= What you need to do =
Write out every line from the listing below where the string "object" is found.

= Material for this exercise =
----------

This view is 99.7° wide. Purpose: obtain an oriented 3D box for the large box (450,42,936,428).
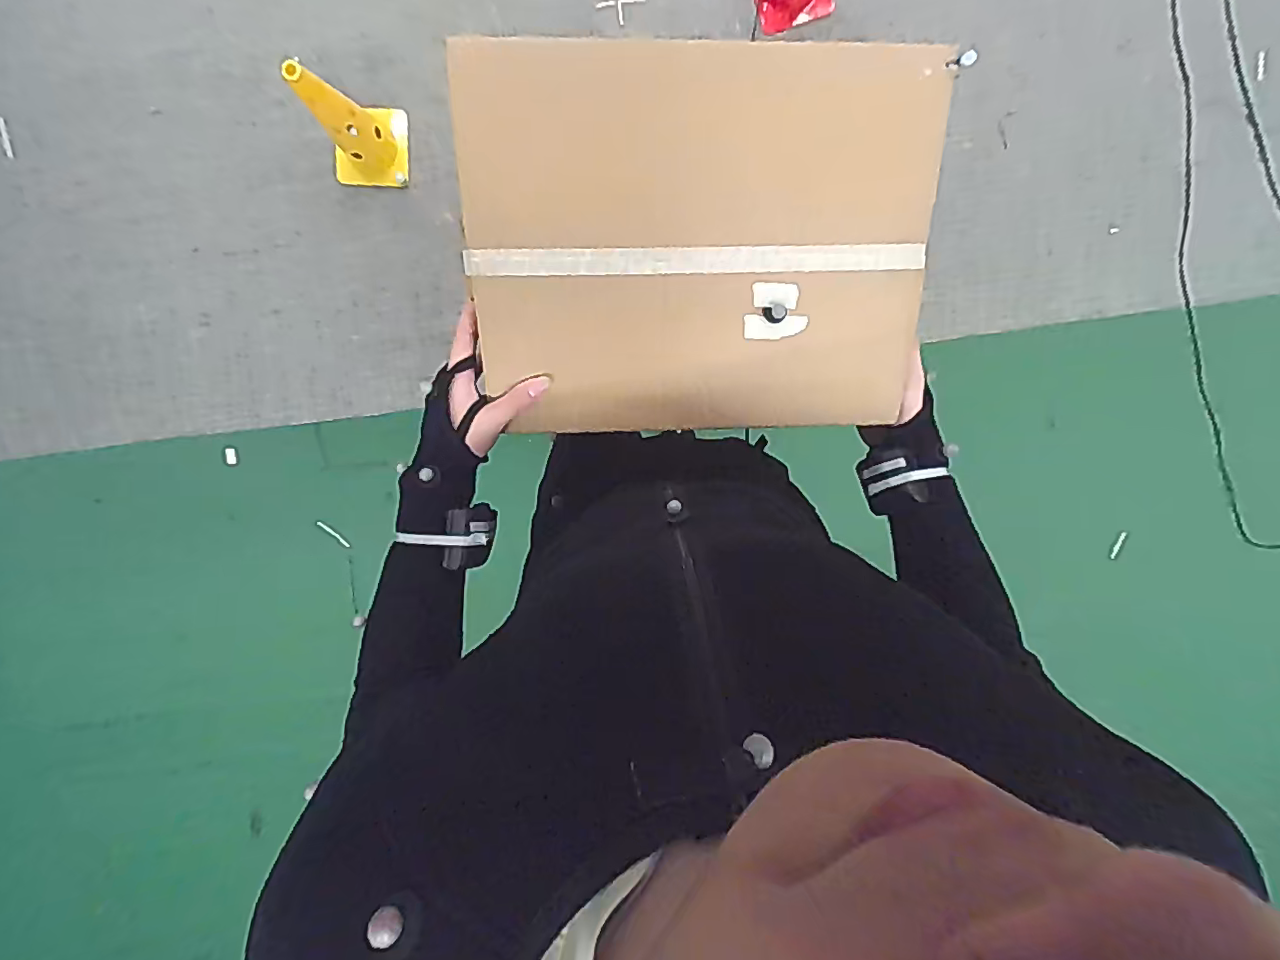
[{"bbox_3d":[0.039,-0.257,0.624,0.408,0.320,0.320,-3,112,-4],"label":"large box"}]
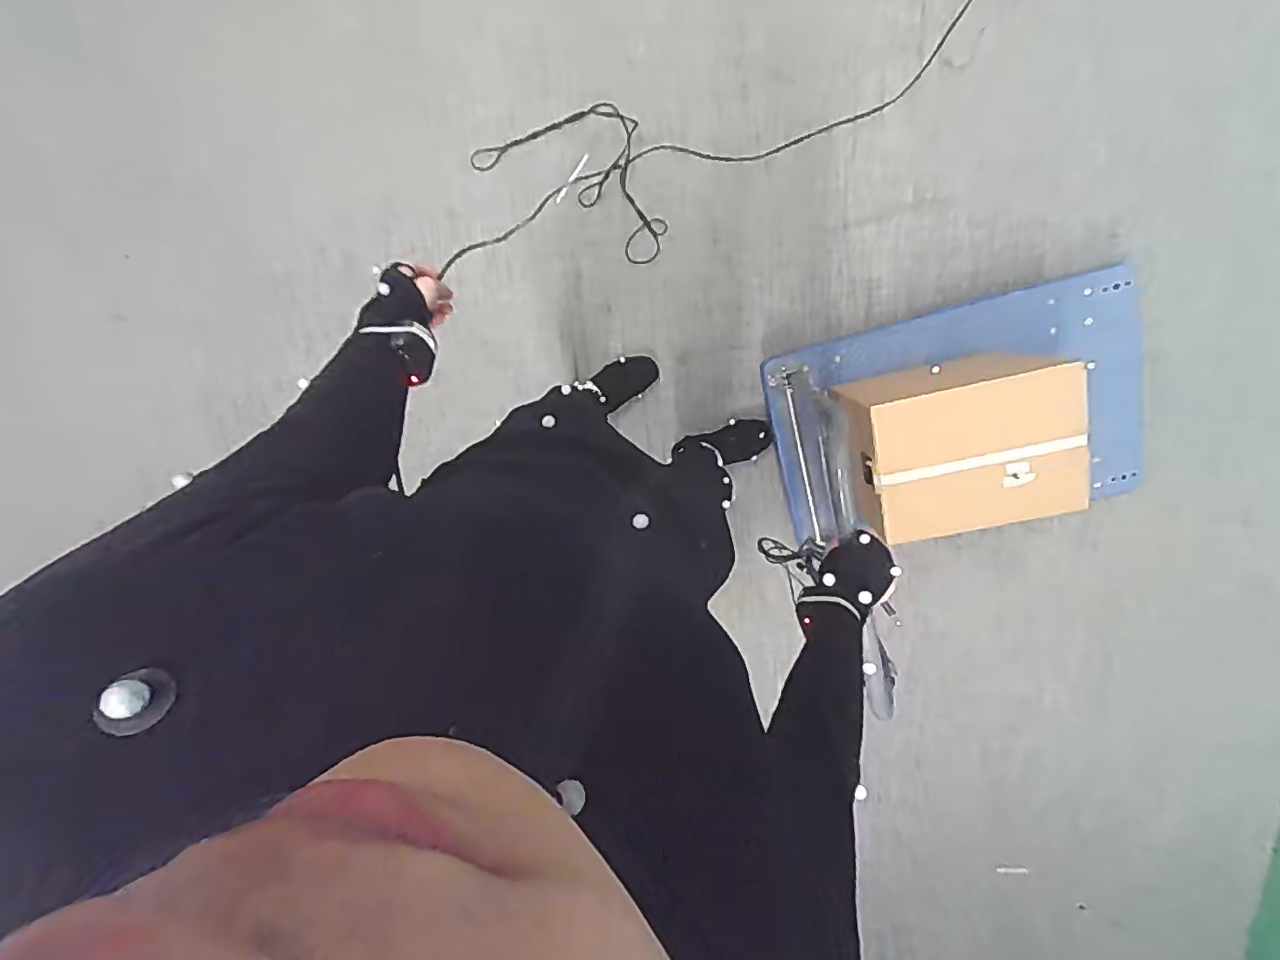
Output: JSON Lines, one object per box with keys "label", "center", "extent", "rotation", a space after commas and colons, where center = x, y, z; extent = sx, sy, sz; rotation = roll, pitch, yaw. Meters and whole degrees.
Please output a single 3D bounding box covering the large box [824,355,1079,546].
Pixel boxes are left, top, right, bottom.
{"label": "large box", "center": [0.682, -0.084, 1.236], "extent": [0.408, 0.320, 0.320], "rotation": [-12, 107, 6]}
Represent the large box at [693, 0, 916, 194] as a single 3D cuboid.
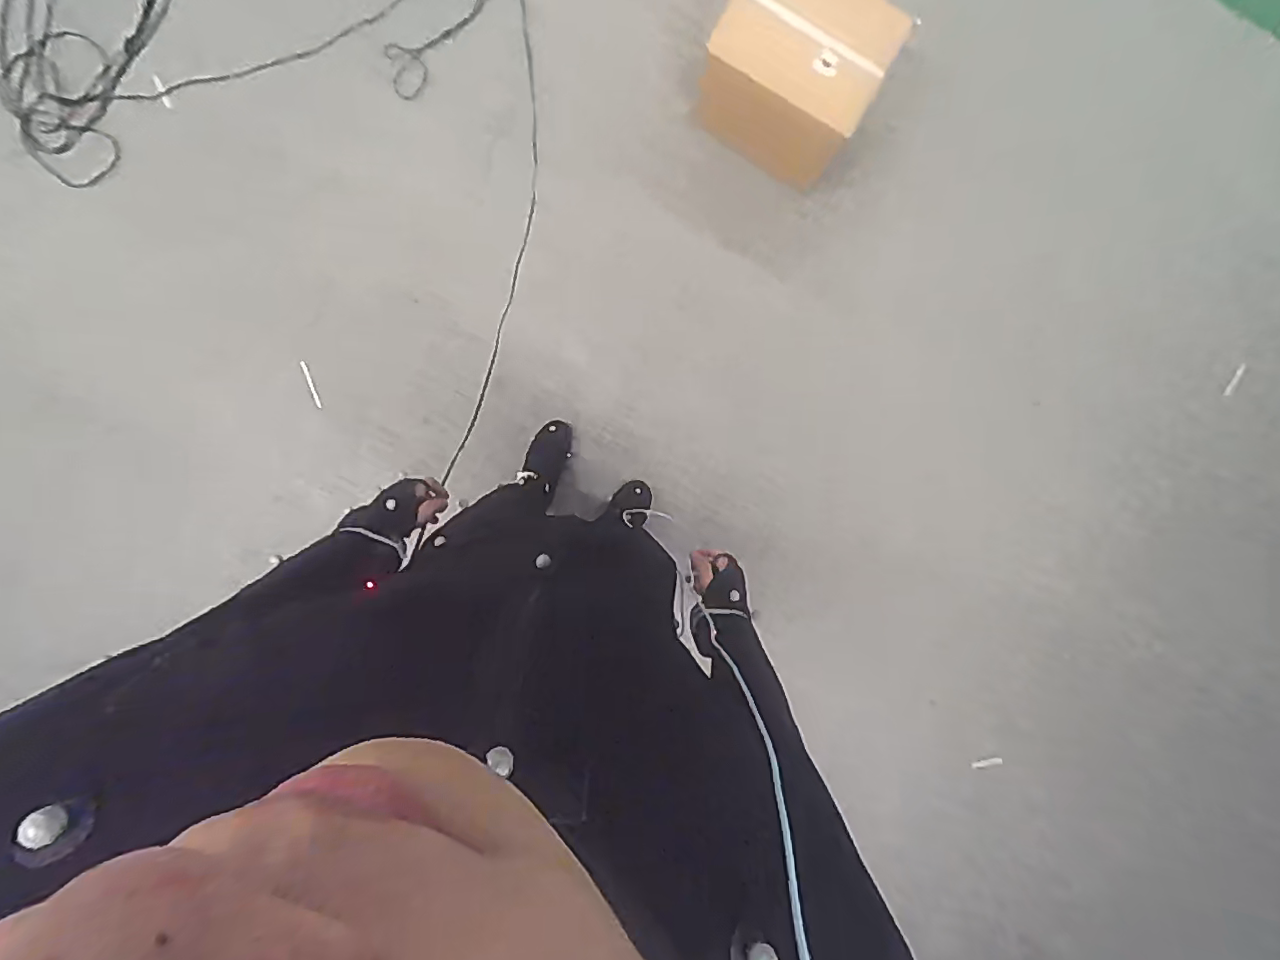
[{"bbox_3d":[0.399,-1.046,1.414,0.408,0.320,0.320,30,93,-4],"label":"large box"}]
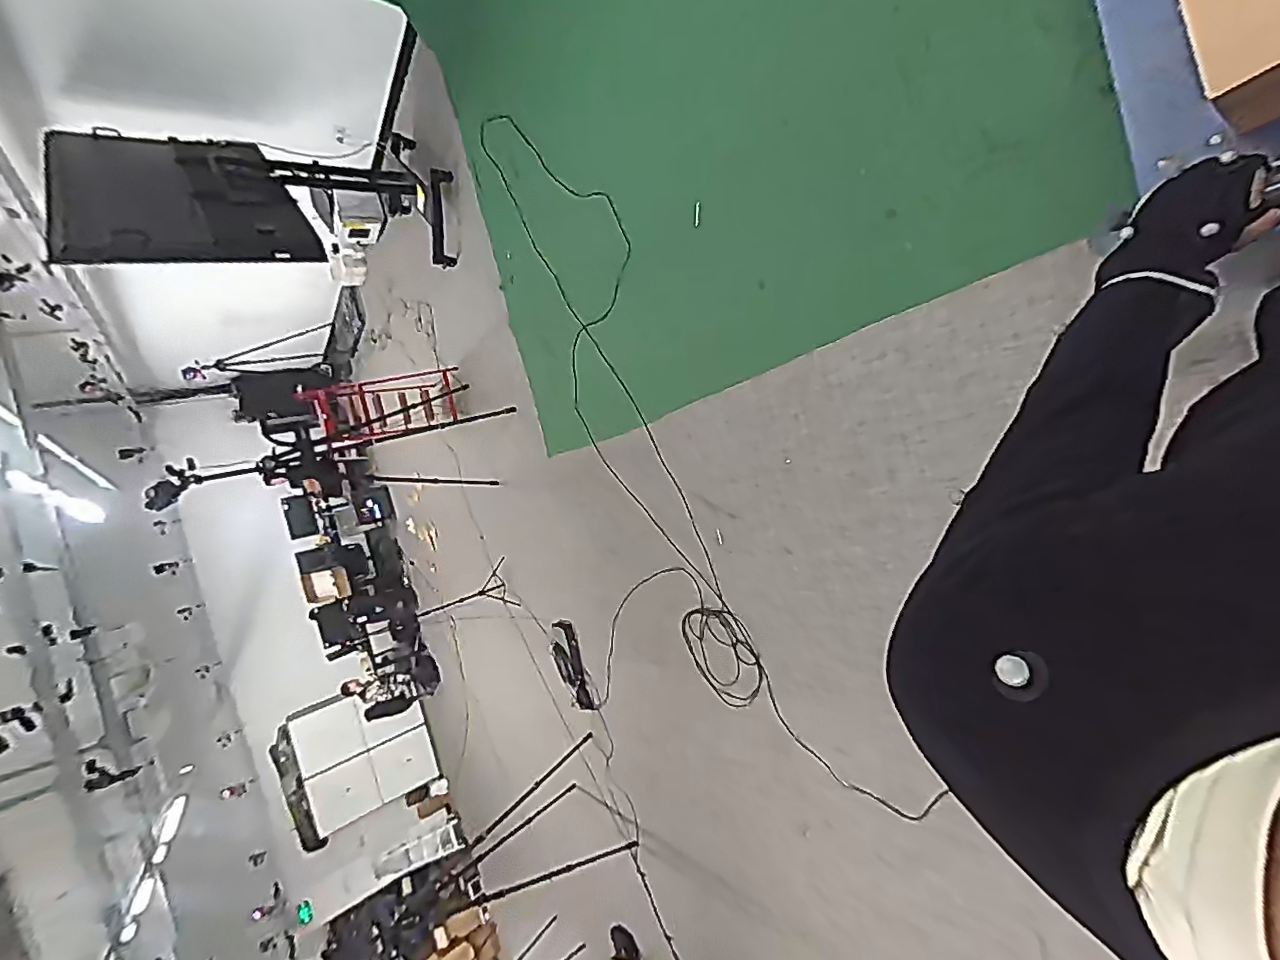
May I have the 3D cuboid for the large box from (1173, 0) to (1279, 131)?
[{"bbox_3d":[0.959,-0.784,0.736,0.320,0.320,0.408,-16,89,54],"label":"large box"}]
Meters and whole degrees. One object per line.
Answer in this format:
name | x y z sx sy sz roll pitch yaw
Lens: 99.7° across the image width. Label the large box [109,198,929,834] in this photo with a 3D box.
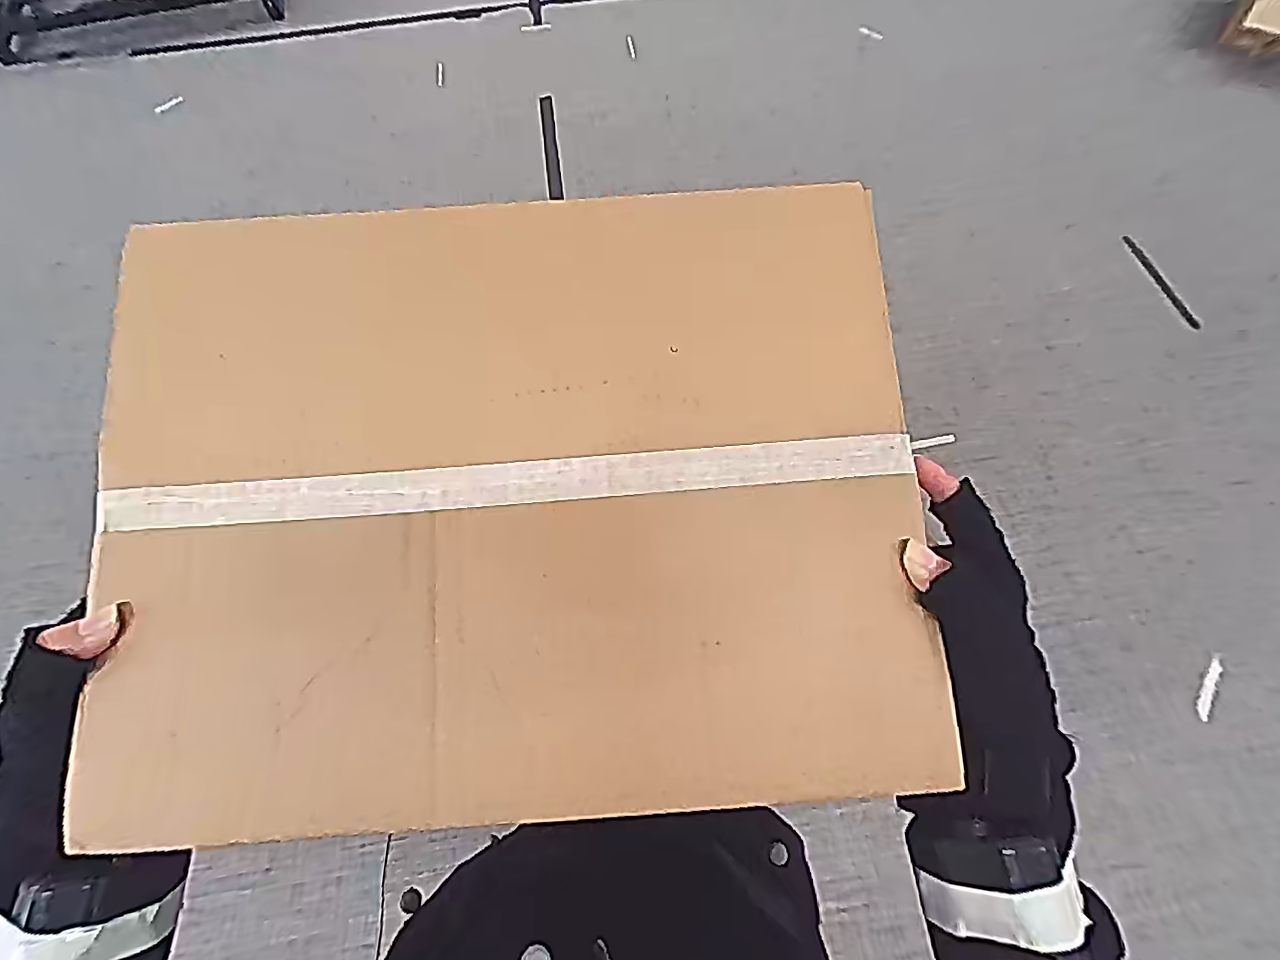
large box | -0.065 0.027 0.430 0.408 0.320 0.320 -4 79 -1
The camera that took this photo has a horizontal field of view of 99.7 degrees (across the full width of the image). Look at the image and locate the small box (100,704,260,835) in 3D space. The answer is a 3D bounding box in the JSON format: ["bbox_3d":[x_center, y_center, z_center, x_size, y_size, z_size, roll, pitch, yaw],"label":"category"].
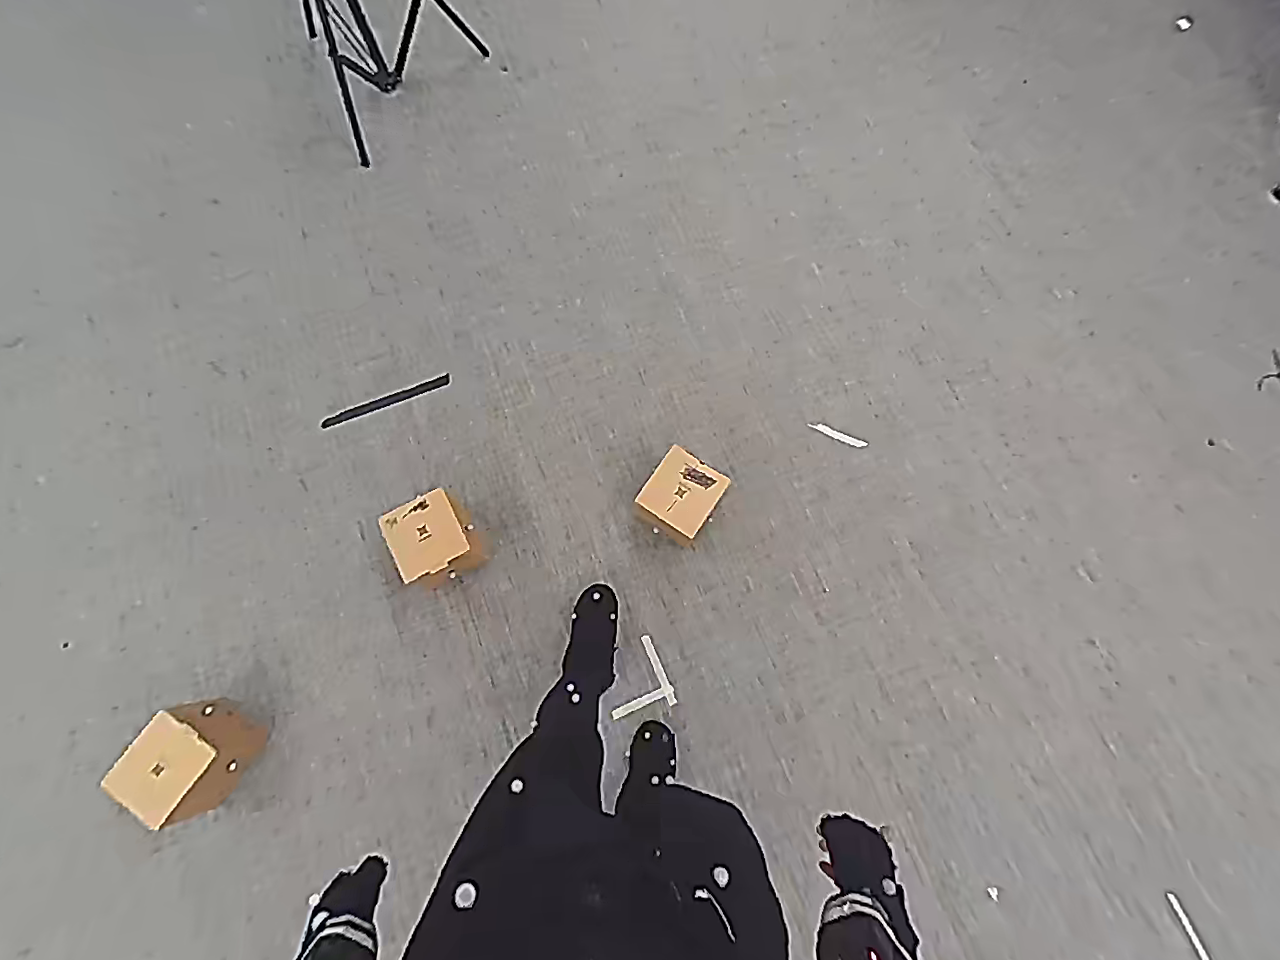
[{"bbox_3d":[-0.982,0.615,1.178,0.168,0.176,0.179,31,77,9],"label":"small box"}]

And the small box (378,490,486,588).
[{"bbox_3d":[-0.496,0.150,1.315,0.168,0.176,0.179,-28,77,-8],"label":"small box"}]

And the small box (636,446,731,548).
[{"bbox_3d":[0.101,0.050,1.352,0.168,0.176,0.179,34,78,8],"label":"small box"}]

----------

= Written response =
Output: JSON Lines, one object per box with keys "label", "center", "extent", "rotation", a space after commas and colons, where center = x, y, z; extent = sx, sy, sz; rotation = roll, pitch, yaw. Meters and whole degrees.
Meters and whole degrees. One object per line.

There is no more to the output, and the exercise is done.